What you need to do:
Find the line holding "yaw. Units: m, deg." in the entries below. Give it again exactly, along with every line after it up to and including the line holding "- sorting toy (397,82,591,221)".

Data:
..............................

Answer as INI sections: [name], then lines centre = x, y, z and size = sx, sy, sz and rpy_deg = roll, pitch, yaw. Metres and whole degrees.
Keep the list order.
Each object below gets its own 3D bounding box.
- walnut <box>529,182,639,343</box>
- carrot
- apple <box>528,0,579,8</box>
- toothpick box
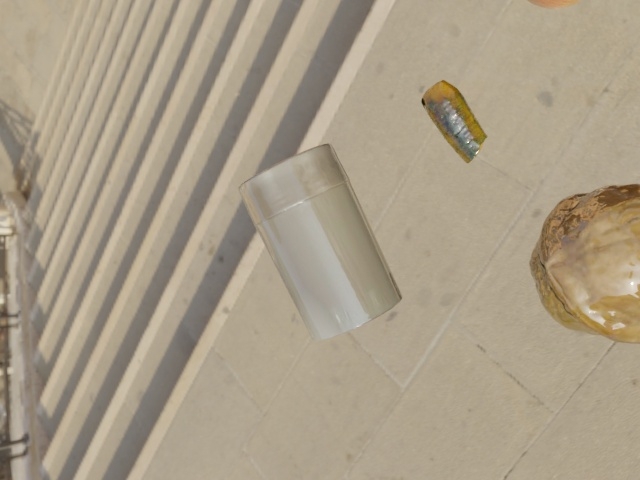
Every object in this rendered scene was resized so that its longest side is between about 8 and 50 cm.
[walnut]
centre = 0.547, 0.039, 1.234
size = 0.306, 0.344, 0.305
rpy_deg = 178, 90, -65
[carrot]
centre = 0.278, -0.244, 1.388
size = 0.082, 0.082, 0.173
rpy_deg = -37, 95, 32
[apple]
centre = 0.557, -0.727, 1.488
size = 0.392, 0.391, 0.346
rpy_deg = -34, 91, 34
[toothpick box]
centre = 0.000, 0.000, 0.709
size = 0.111, 0.111, 0.180
rpy_deg = -24, 93, 36
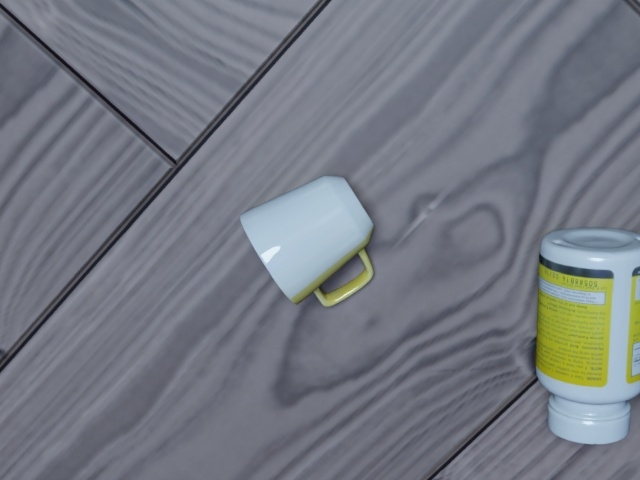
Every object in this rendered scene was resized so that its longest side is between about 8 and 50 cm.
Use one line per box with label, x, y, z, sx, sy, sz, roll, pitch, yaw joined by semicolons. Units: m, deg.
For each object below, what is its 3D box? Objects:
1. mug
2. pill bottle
mug;-0.002;-0.003;0.626;0.064;0.078;0.062;-33;67;3
pill bottle;0.158;0.055;0.617;0.065;0.065;0.116;0;104;4
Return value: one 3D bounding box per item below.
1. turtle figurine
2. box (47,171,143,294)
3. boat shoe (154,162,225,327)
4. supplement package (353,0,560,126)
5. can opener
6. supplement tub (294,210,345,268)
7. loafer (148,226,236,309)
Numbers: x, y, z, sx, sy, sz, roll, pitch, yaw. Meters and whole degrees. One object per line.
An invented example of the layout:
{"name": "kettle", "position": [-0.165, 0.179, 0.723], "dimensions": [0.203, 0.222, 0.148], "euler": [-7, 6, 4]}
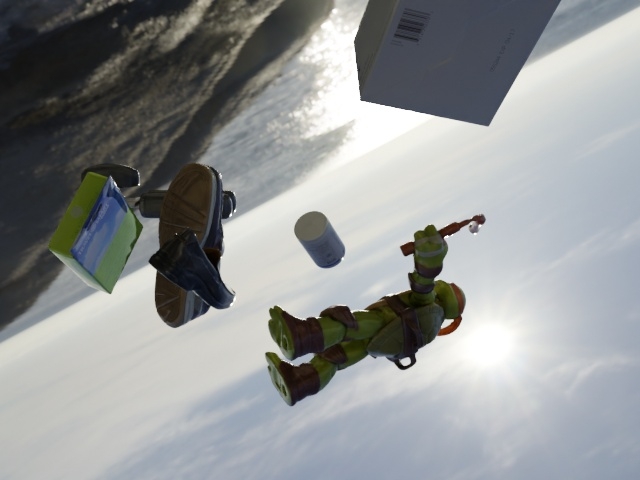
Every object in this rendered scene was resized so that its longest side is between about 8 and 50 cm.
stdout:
{"name": "turtle figurine", "position": [0.058, 0.089, 0.745], "dimensions": [0.217, 0.087, 0.269], "euler": [-18, 153, -21]}
{"name": "box", "position": [-0.280, -0.008, 0.972], "dimensions": [0.178, 0.043, 0.109], "euler": [88, 22, -70]}
{"name": "boat shoe", "position": [-0.205, 0.007, 1.274], "dimensions": [0.103, 0.285, 0.092], "euler": [23, -159, 31]}
{"name": "supplement package", "position": [0.181, -0.314, 1.055], "dimensions": [0.204, 0.145, 0.261], "euler": [9, 137, -13]}
{"name": "can opener", "position": [-0.296, -0.089, 1.391], "dimensions": [0.284, 0.095, 0.076], "euler": [1, -167, 6]}
{"name": "supplement tub", "position": [0.000, 0.000, 1.468], "dimensions": [0.071, 0.071, 0.107], "euler": [-28, 141, 4]}
{"name": "loafer", "position": [-0.140, 0.038, 0.945], "dimensions": [0.061, 0.062, 0.170], "euler": [-53, 156, -5]}
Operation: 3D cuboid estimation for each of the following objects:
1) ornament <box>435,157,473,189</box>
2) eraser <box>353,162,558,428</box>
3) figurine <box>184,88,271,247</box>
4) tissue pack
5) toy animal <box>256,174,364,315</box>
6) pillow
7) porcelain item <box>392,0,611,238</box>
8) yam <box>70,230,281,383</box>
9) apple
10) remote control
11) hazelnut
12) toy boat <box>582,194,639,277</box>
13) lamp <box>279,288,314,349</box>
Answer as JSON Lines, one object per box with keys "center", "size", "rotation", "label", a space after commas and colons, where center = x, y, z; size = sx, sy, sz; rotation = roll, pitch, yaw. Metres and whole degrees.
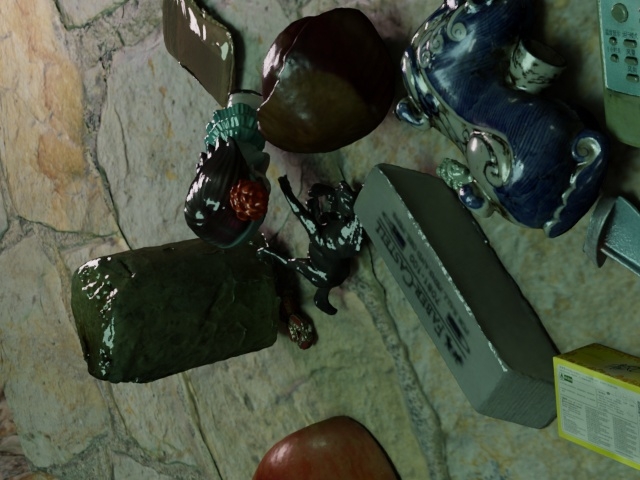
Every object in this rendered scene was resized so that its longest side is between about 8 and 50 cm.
{"center": [0.180, -0.069, 1.750], "size": [0.092, 0.041, 0.068], "rotation": [-13, 100, 52], "label": "ornament"}
{"center": [0.163, 0.063, 1.817], "size": [0.352, 0.077, 0.111], "rotation": [59, 149, 22], "label": "eraser"}
{"center": [-0.116, -0.103, 2.098], "size": [0.138, 0.110, 0.245], "rotation": [121, 160, -45], "label": "figurine"}
{"center": [0.323, 0.176, 1.615], "size": [0.176, 0.062, 0.095], "rotation": [18, 120, 57], "label": "tissue pack"}
{"center": [0.000, 0.000, 2.065], "size": [0.148, 0.085, 0.232], "rotation": [51, 142, 31], "label": "toy animal"}
{"center": [-0.177, -0.286, 2.264], "size": [0.211, 0.034, 0.135], "rotation": [49, 148, 39], "label": "pillow"}
{"center": [0.197, -0.146, 1.599], "size": [0.288, 0.138, 0.186], "rotation": [56, 131, 35], "label": "porcelain item"}
{"center": [-0.206, 0.095, 2.241], "size": [0.195, 0.300, 0.195], "rotation": [43, 141, 51], "label": "yam"}
{"center": [-0.007, 0.409, 2.235], "size": [0.251, 0.163, 0.293], "rotation": [58, 151, 26], "label": "apple"}
{"center": [0.300, -0.201, 1.460], "size": [0.098, 0.038, 0.233], "rotation": [20, 122, 55], "label": "remote control"}
{"center": [-0.002, -0.187, 1.860], "size": [0.202, 0.170, 0.160], "rotation": [-20, 87, 52], "label": "hazelnut"}
{"center": [0.323, 0.012, 1.562], "size": [0.122, 0.034, 0.096], "rotation": [37, 138, 34], "label": "toy boat"}
{"center": [-0.035, 0.119, 2.253], "size": [0.083, 0.031, 0.063], "rotation": [58, 154, 23], "label": "lamp"}
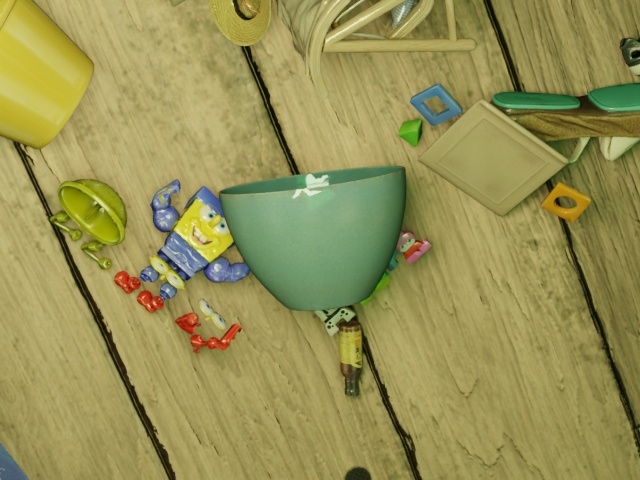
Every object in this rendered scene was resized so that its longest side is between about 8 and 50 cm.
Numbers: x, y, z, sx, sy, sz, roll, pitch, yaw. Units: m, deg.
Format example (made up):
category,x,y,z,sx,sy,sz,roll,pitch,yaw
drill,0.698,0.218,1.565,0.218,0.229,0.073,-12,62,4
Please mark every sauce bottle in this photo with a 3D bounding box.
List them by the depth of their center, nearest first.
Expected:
category,x,y,z,sx,sy,sz,roll,pitch,yaw
sauce bottle,0.053,0.204,1.818,0.042,0.042,0.128,-4,104,-6

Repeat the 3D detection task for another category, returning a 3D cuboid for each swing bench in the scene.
category,x,y,z,sx,sy,sz,roll,pitch,yaw
swing bench,0.067,-0.370,1.576,0.255,0.253,0.165,-17,129,-4

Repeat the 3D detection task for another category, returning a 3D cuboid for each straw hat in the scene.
category,x,y,z,sx,sy,sz,roll,pitch,yaw
straw hat,-0.108,-0.385,1.667,0.061,0.144,0.144,-29,108,-44

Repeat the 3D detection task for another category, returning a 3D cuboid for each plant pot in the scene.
category,x,y,z,sx,sy,sz,roll,pitch,yaw
plant pot,-0.481,-0.265,1.569,0.239,0.254,0.254,34,96,-26
plant pot,0.000,0.000,1.635,0.290,0.290,0.195,-9,98,-5

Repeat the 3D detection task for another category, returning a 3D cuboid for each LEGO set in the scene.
category,x,y,z,sx,sy,sz,roll,pitch,yaw
LEGO set,0.068,0.043,1.768,0.227,0.087,0.093,-43,100,9

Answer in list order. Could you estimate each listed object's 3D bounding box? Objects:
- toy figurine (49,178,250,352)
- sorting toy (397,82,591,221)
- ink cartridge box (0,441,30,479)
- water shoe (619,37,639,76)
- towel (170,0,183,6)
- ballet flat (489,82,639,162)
category,x,y,z,sx,sy,sz,roll,pitch,yaw
toy figurine,-0.231,-0.012,1.719,0.362,0.191,0.217,43,63,-6
sorting toy,0.285,-0.139,1.729,0.348,0.196,0.047,33,51,-12
ink cartridge box,-0.606,0.530,1.790,0.307,0.072,0.303,-33,103,2
water shoe,0.597,-0.356,1.757,0.203,0.073,0.080,-34,101,0
towel,-0.166,-0.554,1.600,0.324,0.056,0.312,-29,87,-4
ballet flat,0.444,-0.190,1.760,0.343,0.116,0.124,-5,120,-5
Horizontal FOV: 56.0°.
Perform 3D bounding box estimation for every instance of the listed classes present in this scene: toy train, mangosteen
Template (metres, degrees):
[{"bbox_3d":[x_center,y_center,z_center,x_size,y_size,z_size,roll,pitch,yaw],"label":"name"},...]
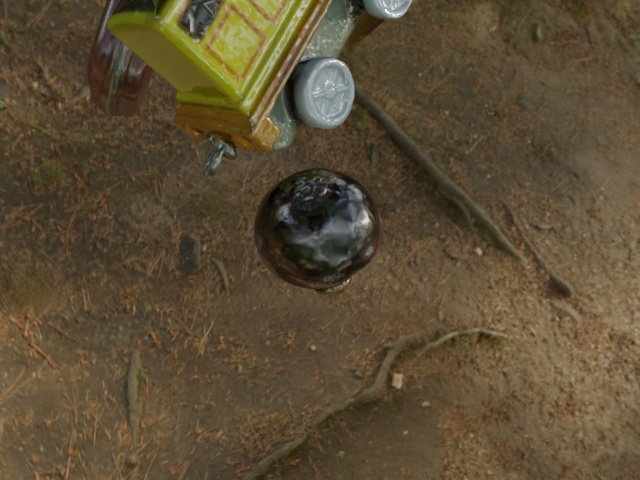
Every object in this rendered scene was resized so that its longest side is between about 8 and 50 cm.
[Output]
[{"bbox_3d":[-0.029,-0.142,0.347,0.127,0.089,0.219,36,79,-44],"label":"toy train"},{"bbox_3d":[0.000,0.000,1.074,0.228,0.265,0.228,-7,43,7],"label":"mangosteen"}]

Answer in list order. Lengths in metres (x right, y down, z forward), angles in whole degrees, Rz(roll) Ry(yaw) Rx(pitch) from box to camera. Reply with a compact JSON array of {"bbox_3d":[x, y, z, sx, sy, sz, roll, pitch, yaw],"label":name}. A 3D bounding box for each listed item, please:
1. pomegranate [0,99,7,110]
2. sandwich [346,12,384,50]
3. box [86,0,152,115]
[{"bbox_3d":[-0.456,-0.167,0.700,0.131,0.191,0.151,35,72,-48],"label":"pomegranate"},{"bbox_3d":[0.086,-0.396,0.906,0.088,0.244,0.090,26,53,-25],"label":"sandwich"},{"bbox_3d":[-0.368,-0.373,1.169,0.108,0.404,0.263,19,87,-18],"label":"box"}]
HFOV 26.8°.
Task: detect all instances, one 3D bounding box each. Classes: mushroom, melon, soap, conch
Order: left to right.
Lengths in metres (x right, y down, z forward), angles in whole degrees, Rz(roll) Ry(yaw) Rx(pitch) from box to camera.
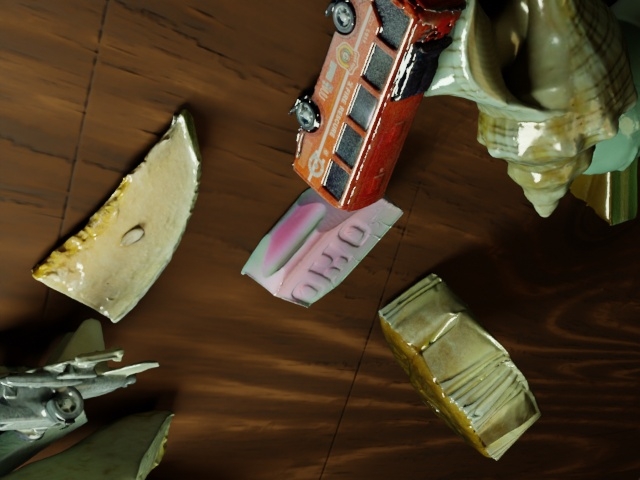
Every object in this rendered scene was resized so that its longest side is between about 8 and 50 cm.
[{"bbox_3d":[-0.229,0.236,1.234,0.333,0.107,0.087,-21,128,-55],"label":"mushroom"},{"bbox_3d":[-0.147,-0.021,1.104,0.182,0.054,0.098,-47,138,6],"label":"melon"},{"bbox_3d":[0.000,0.000,1.311,0.149,0.056,0.100,-48,150,7],"label":"soap"},{"bbox_3d":[0.166,-0.184,1.188,0.203,0.169,0.386,-37,116,-29],"label":"conch"}]

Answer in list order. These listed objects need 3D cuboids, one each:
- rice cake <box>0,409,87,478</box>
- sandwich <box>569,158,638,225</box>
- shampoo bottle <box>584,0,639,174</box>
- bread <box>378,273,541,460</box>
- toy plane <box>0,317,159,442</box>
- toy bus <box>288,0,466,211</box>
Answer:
[{"bbox_3d":[-0.294,0.200,1.218,0.180,0.030,0.042,-32,154,-21],"label":"rice cake"},{"bbox_3d":[0.382,-0.089,1.684,0.074,0.074,0.116,-16,142,-44],"label":"sandwich"},{"bbox_3d":[0.369,-0.194,1.437,0.349,0.151,0.222,-32,157,-23],"label":"shampoo bottle"},{"bbox_3d":[0.166,0.157,1.611,0.110,0.192,0.210,-40,154,-2],"label":"bread"},{"bbox_3d":[-0.266,0.130,1.099,0.262,0.088,0.192,-12,167,-40],"label":"toy plane"},{"bbox_3d":[0.044,-0.136,1.135,0.073,0.096,0.235,-22,148,-40],"label":"toy bus"}]
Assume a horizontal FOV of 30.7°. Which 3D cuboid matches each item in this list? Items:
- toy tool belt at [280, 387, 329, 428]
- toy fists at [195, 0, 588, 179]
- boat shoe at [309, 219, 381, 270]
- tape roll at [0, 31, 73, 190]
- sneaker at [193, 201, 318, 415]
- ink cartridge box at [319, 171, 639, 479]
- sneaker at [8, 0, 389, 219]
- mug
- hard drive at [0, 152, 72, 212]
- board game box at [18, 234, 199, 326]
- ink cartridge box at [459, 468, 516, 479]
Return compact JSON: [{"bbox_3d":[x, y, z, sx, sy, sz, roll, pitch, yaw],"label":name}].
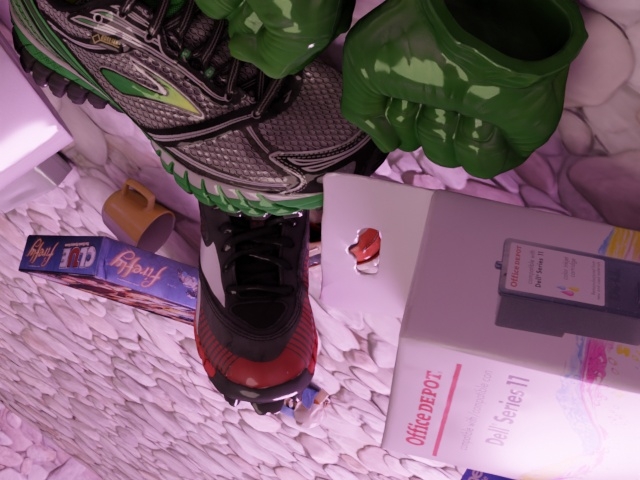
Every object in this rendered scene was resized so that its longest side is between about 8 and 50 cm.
[{"bbox_3d":[-0.029,0.187,1.408,0.083,0.052,0.051,21,120,21],"label":"toy tool belt"},{"bbox_3d":[0.024,-0.138,0.726,0.279,0.096,0.142,32,155,5],"label":"toy fists"},{"bbox_3d":[0.000,0.000,1.043,0.137,0.049,0.043,0,134,47],"label":"boat shoe"},{"bbox_3d":[-0.350,-0.138,0.993,0.246,0.169,0.246,55,175,7],"label":"tape roll"},{"bbox_3d":[-0.053,0.007,0.925,0.097,0.276,0.135,-2,132,-3],"label":"sneaker"},{"bbox_3d":[0.158,0.083,0.799,0.353,0.119,0.207,12,150,7],"label":"ink cartridge box"},{"bbox_3d":[-0.102,-0.134,0.842,0.343,0.134,0.146,28,153,17],"label":"sneaker"},{"bbox_3d":[-0.194,-0.028,1.236,0.064,0.078,0.062,37,-162,18],"label":"mug"},{"bbox_3d":[-0.434,-0.159,1.310,0.307,0.040,0.203,45,153,-19],"label":"hard drive"},{"bbox_3d":[-0.171,0.049,1.227,0.243,0.042,0.165,22,167,-37],"label":"board game box"},{"bbox_3d":[0.274,0.222,0.926,0.311,0.186,0.065,22,153,27],"label":"ink cartridge box"}]
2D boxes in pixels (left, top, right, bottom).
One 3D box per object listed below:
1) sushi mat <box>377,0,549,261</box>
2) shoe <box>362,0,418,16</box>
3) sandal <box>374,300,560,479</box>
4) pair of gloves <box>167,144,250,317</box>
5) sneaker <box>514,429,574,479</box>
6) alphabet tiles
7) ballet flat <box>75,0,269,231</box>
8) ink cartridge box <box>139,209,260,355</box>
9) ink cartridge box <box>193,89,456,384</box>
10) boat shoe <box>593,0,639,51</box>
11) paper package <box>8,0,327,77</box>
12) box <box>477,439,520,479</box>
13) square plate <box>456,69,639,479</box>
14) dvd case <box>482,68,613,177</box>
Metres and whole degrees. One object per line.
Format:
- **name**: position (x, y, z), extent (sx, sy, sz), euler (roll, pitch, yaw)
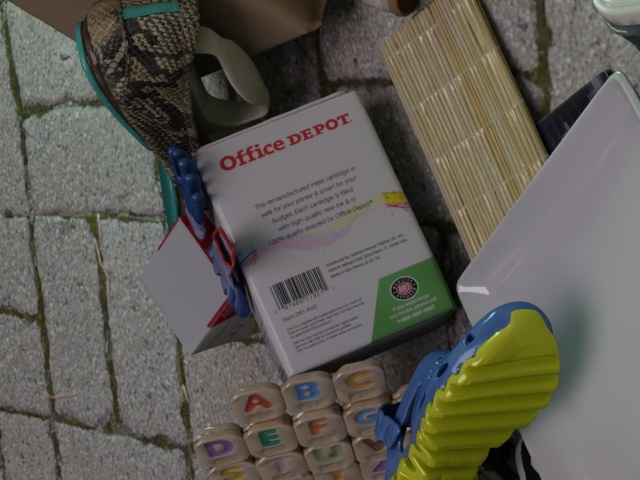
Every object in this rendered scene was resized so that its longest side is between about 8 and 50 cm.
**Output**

..............................

Expected answer:
Numbers: x, y, z, sx, sy, sz, roll, pitch, yaw. Units: m, deg.
Format example (made up):
category,x,y,z,sx,sy,sz,roll,pitch,yaw
drill,0.698,0.218,1.565,0.218,0.229,0.073,-12,62,4
Please mark every sauce bottle in this photo with a 3D bounding box.
List them by the depth of their center, nearest first.
Expected:
category,x,y,z,sx,sy,sz,roll,pitch,yaw
sauce bottle,0.053,0.204,1.818,0.042,0.042,0.128,-4,104,-6

Repeat the 3D detection task for another category, returning a 3D cuboid for each swing bench in the scene.
category,x,y,z,sx,sy,sz,roll,pitch,yaw
swing bench,0.067,-0.370,1.576,0.255,0.253,0.165,-17,129,-4

Repeat the 3D detection task for another category, returning a 3D cuboid for each straw hat in the scene.
category,x,y,z,sx,sy,sz,roll,pitch,yaw
straw hat,-0.108,-0.385,1.667,0.061,0.144,0.144,-29,108,-44

Repeat the 3D detection task for another category, returning a 3D cuboid for each plant pot in the scene.
category,x,y,z,sx,sy,sz,roll,pitch,yaw
plant pot,-0.481,-0.265,1.569,0.239,0.254,0.254,34,96,-26
plant pot,0.000,0.000,1.635,0.290,0.290,0.195,-9,98,-5

Repeat the 3D detection task for another category, returning a 3D cuboid for each LEGO set in the scene.
category,x,y,z,sx,sy,sz,roll,pitch,yaw
LEGO set,0.068,0.043,1.768,0.227,0.087,0.093,-43,100,9

Answer in list order. Could you estimate each listed object's 3D bounding box? Objects:
- toy figurine (49,178,250,352)
- sorting toy (397,82,591,221)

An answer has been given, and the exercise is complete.